As per @jonp’s suspicion over the HDMI expansion card, I removed my HDMI expansion card (slot 4), booted my system (secure boot, luks, fedora 39), logged in, opened a couple of apps and then closed the lid for two hours, all on battery power, starting the test at ~60%

Left-hand side expansion cards Right-hand side expansion cards
1. USB-C 3. USB-C
2. USB-A 4. Empty (used to be HDMI)

Upon opening the lid, the screen was blank (backlight on) for ~70 seconds before I was presented with the login screen. I logged in and a couple of GUI applications had errors. Battery was far from empty (somewhere above 40%).
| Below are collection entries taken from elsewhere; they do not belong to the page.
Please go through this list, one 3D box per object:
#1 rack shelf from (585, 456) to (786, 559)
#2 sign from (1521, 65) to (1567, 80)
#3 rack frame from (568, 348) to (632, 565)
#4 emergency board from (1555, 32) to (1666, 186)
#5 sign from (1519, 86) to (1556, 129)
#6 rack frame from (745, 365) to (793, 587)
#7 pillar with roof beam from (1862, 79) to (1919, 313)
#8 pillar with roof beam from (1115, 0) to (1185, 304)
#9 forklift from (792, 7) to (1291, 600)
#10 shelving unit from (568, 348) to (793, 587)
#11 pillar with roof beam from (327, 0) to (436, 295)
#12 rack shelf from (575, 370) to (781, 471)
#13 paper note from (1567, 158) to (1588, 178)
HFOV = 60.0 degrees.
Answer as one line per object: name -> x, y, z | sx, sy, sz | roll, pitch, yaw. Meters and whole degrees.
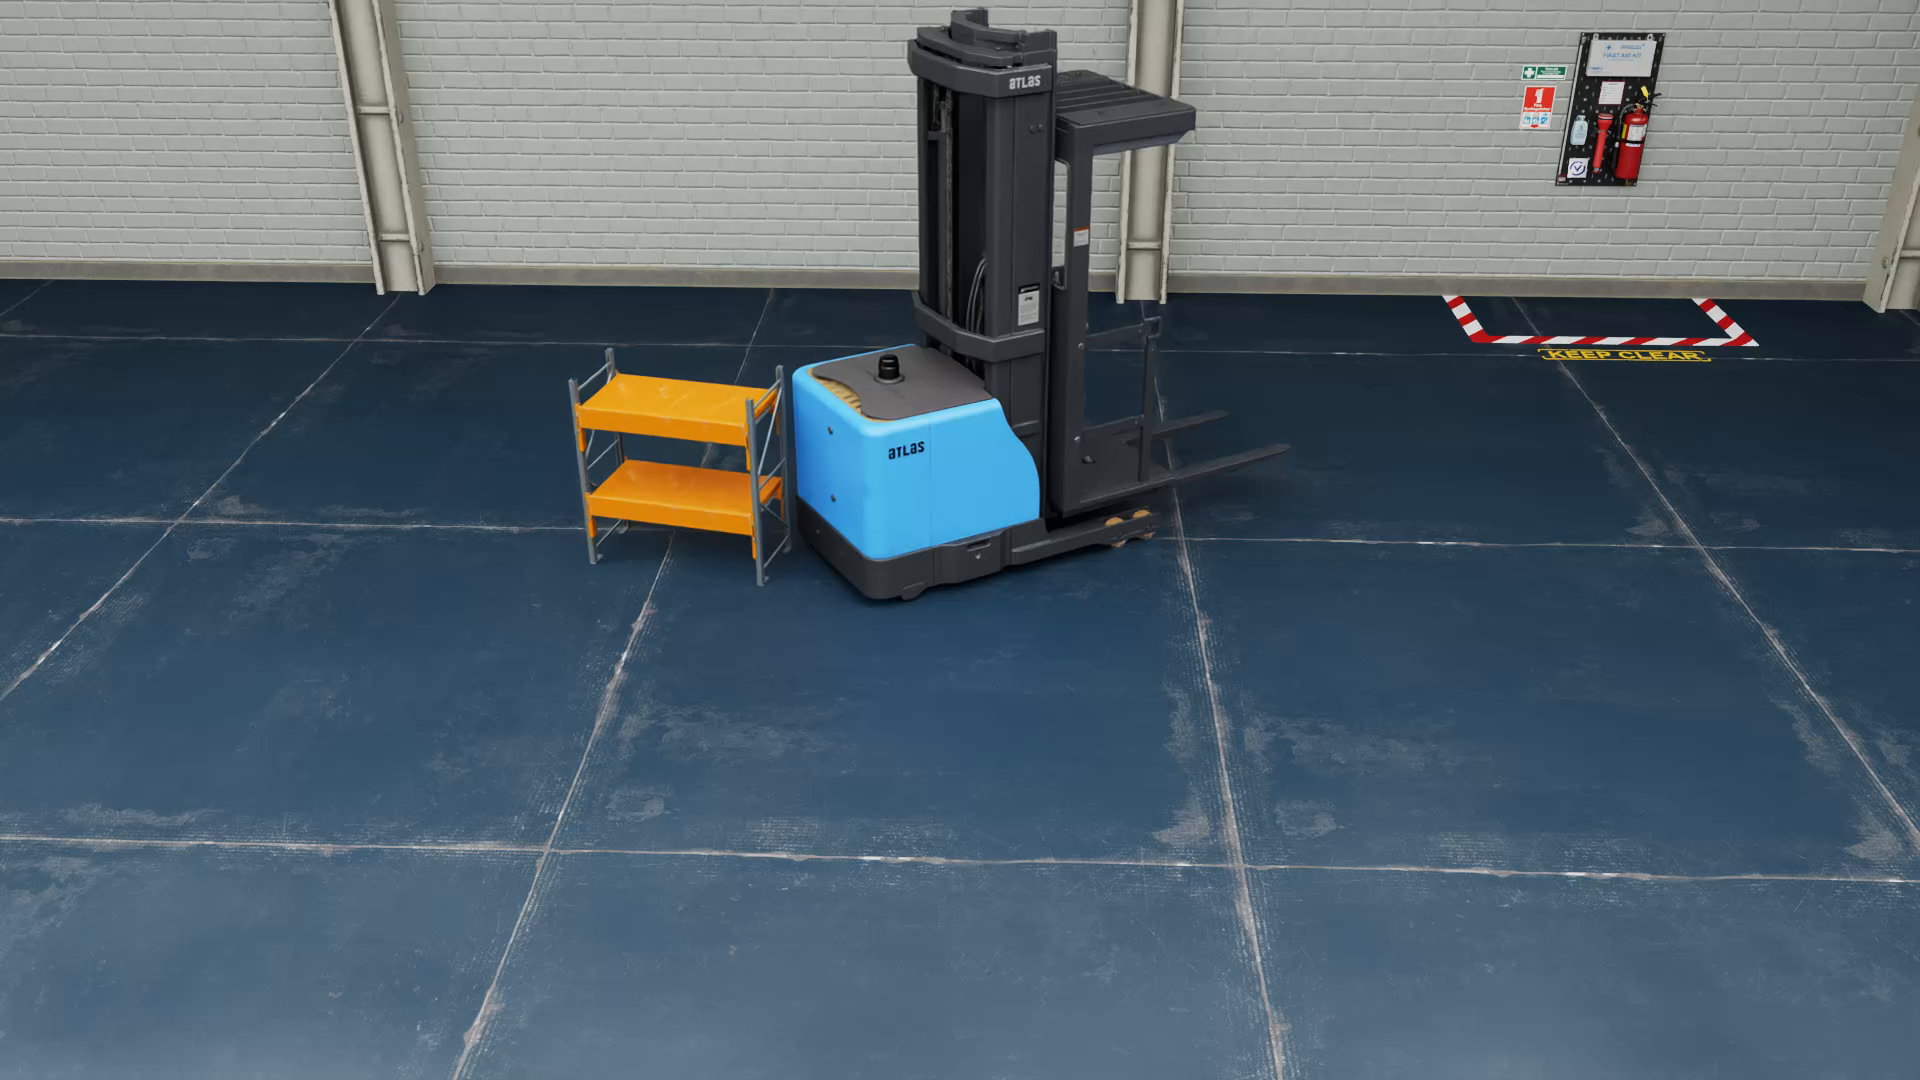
rack shelf -> -1.542, -0.195, 9.439 | 1.000, 0.278, 0.538 | 7, 29, 13
sign -> 4.444, -3.555, 12.650 | 0.331, 0.109, 0.001 | 1, 28, 2
rack frame -> -2.034, -0.472, 9.439 | 0.032, 1.125, 0.500 | 7, 29, 13
emergency board -> 4.989, -3.252, 12.682 | 0.643, 1.169, 0.194 | 1, 28, 2
sign -> 4.440, -3.325, 12.782 | 0.234, 0.329, 0.001 | 1, 28, 2
rack frame -> -1.050, -0.350, 9.210 | 0.032, 1.125, 0.500 | 7, 29, 13
pillar with roof beam -> 7.305, -3.829, 7.365 | 0.400, 9.000, 9.100 | 1, 28, 2
pillar with roof beam -> 1.309, -3.928, 7.552 | 0.400, 9.000, 9.100 | 1, 28, 2
forklift -> 0.584, -1.456, 9.368 | 3.031, 2.935, 1.130 | -15, 31, -26
shelving unit -> -1.542, -0.411, 9.324 | 1.048, 1.125, 0.538 | 7, 29, 13
pillar with roof beam -> -4.687, -4.027, 7.739 | 0.400, 9.000, 9.100 | 1, 28, 2
rack shelf -> -1.542, -0.670, 9.187 | 1.000, 0.278, 0.538 | 7, 29, 13
paper note -> 4.814, -2.898, 12.955 | 0.142, 0.148, 0.016 | 1, 28, 2

I attempted to open a terminal twice to do a write test with $ touch as I didn’t already have a terminal open, but gnome-terminal failed to open both times.

I then pressed ctrl, alt, F3 to move from my graphical gnome session to tty3. About 4 error messages appeared (can’t remember exactly what they were about, I believe something about btrfs?) and was then on a blank screen with a single blinking underscore in the top left for a few seconds, before these errors began being printed to the screen:

TLDR: A 2 hour suspend with no HDMI expansion card still resulted in a read-only system after waking (which took 70 seconds).

Perhaps relevant, as my framework used to be Intel, I’m using 2022 expansion cards which came with my original Intel framework, now plugged into an AMD motherboard.

I’m going to try disabling secure boot next, whilst keeping the suspect HDMI expansion card disconnected.


EDIT: After removing the kernel arguments module_blacklist=hid_sensor_hub and nvme.noacpi=1, my system has been waking from suspend immediately with no read-only problems :tada:

Will post again after longer term testing where I plan to slowly re-enable secure boot and reinstall the HDMI expansion card if all goes well.

~24 hours so far with HDMI expansion card disconnected, no suspend/resume failures.

Edit: Went to a co-working space today, and this happened :face_exhaling:

3 Likes

@goldenspinach Just upgraded to 6.6.2-201.fc39 yesterday with no issues resuming here.

Also: as an update, since removing the HDMI card 3 days ago I’ve not had a single issue with resuming.

I’m not entirely sure about the graphical issue others are seeing, but I have the amdgpu.sg_display=0 kernel option set because I did experience that earlier and haven’t since.

1 Like

Whoops. Much :face_with_hand_over_mouth:
Does the expansion card have a full size HDMI, or a mini one?